León Esteban Febres-Cordero Ribadeneyra (9 March 1931 – 15 December 2008), known in the Ecuadorian media as LFC or more simply by his composed surname (Febres-Cordero), was the 35th President of Ecuador, serving a four-year term from 10 August 1984 to 10 August 1988. During his presidency he sought to introduce market-oriented reforms, and also led a security crackdown on a guerrilla group named ¡Alfaro Vive, Carajo!.

Early life
Febres-Cordero was born in a wealthy Guayaquil family on 9 March 1931. His father sent him to study in the United States, where he first attended Charlotte Hall Military Academy in Maryland, then Mercersburg Academy in Pennsylvania for high school, and then graduated as a mechanical engineer from the Stevens Institute of Technology in Hoboken, NJ (which he visited after being elected in 1984).
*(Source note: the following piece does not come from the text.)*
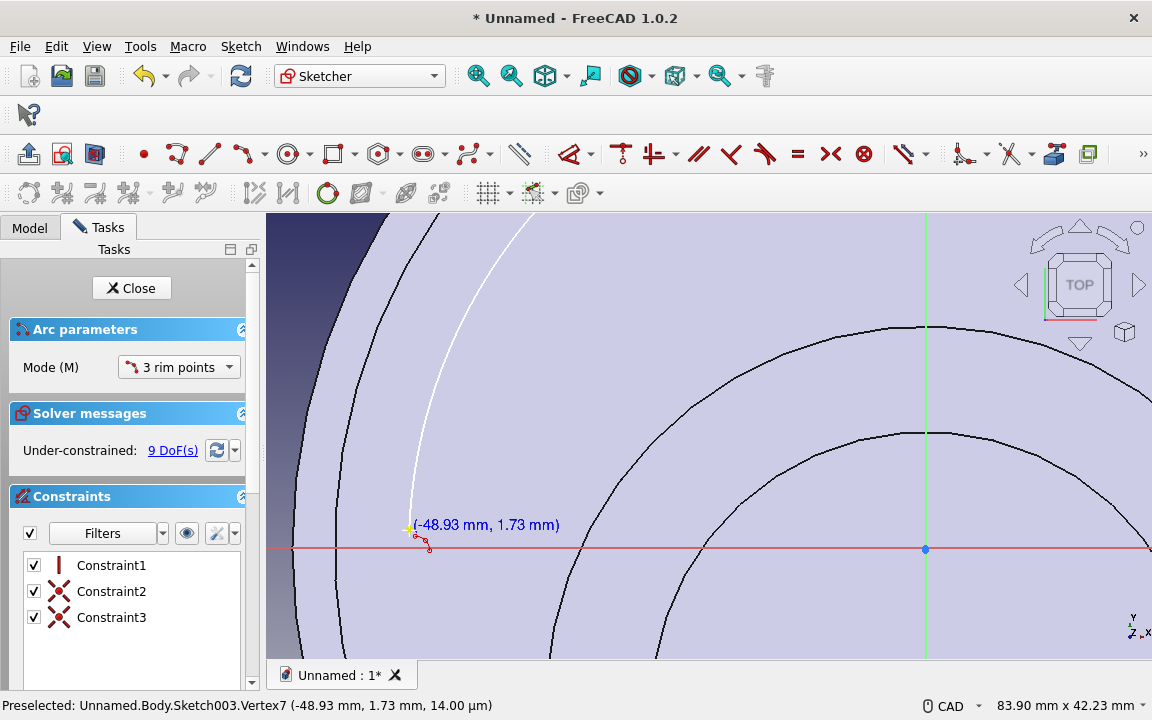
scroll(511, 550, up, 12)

Upon his return to Guayaquil, Febres-Cordero worked in the private sector, mainly in industry, including paper, electrical parts, chemicals and textiles.  Eventually he became an executive partner in the Noboa Group, a large agribusiness Ecuadorian conglomerate.

Career

Presidency (1984–1988)
The Febres Cordero government promoted a conservative economic policy. While some praised Febres-Cordero's economic policies, they became largely unpopular amongst most Ecuadorians. Several of his secretaries were accused of corruption. His Secretary of Finance (and future Vice President), Alberto Dahik, was impeached by Congress.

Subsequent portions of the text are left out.